The consequence was that **no new state was persisted to disk** while the issue was active. The `RetryingStorageUpdateChannel` retried the failed storage write for approximately 1 minute before giving up on each update. Subsequent per-slot `StoreTransaction` commits also failed with the same serialization error, but the node remained operational.
**As far as we know, there was no actual attestation reward loss.** Attestations were produced correctly and included on-chain by block proposers. However, the "attestation included" metric on Grafana dashboards dropped to near-zero, which initially caused alarm. This was a **monitoring artifact**: Teku's internal attestation performance tracker computes inclusion by querying the local store for blocks. Since the store wasn't being updated due to the serialization failure, the tracker couldn't find the blocks containing our attestations, and incorrectly reported them as not included. Attestation performance was unaffected.
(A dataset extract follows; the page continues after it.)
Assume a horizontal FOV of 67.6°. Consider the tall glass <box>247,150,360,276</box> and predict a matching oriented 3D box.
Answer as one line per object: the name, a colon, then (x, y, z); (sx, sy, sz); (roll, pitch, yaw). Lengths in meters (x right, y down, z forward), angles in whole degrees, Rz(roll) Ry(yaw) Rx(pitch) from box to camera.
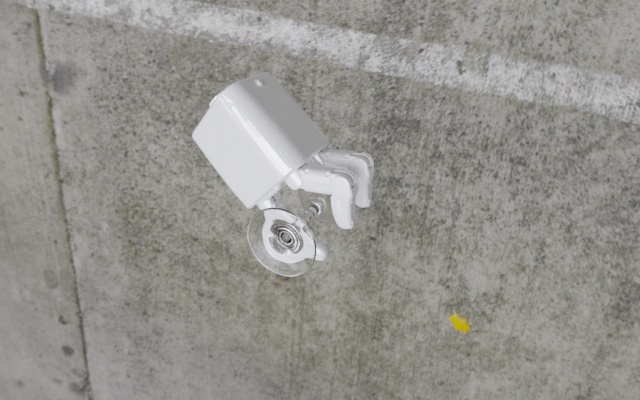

After upgrading to v26.3.0, nodes needed to forward-sync from the last successfully persisted state to catch up to the chain head. For nodes where this gap was large or sync was slow, a fresh checkpoint sync was recommended as a faster alternative.
## Timeline
All times are CET (UTC+1).
| Time | Event |
|---|---|
| 16:16 | First `NegativeArraySizeException: -215782466` errors appear in Teku logs on mainnet |
| 16:17 | `RetryingStorageUpdateChannel` gives up after 1 minute of retries; `StoreTransaction` errors continue every slot |
| 17:33 | Issue noticed internally by the Teku team; investigation begins |
| 18:00 | First public announcement on Teku Discord |
| 18:52 | Root cause identified; second Discord announcement with critical guidance |
| ~19:00 | Fix merged and release process started |
| 21:14 | Teku v26.3.0 released and announced on Discord with upgrade and recovery instructions |
| 21:22 | Internal nodes upgraded to v26.3.0; forward sync begins |
| ~21:59 | Attestation performance metric returns to 100% on Grafana (~37 minutes after upgrade) |
## Communication
### 18:00 CET -- Initial Acknowledgement (Discord)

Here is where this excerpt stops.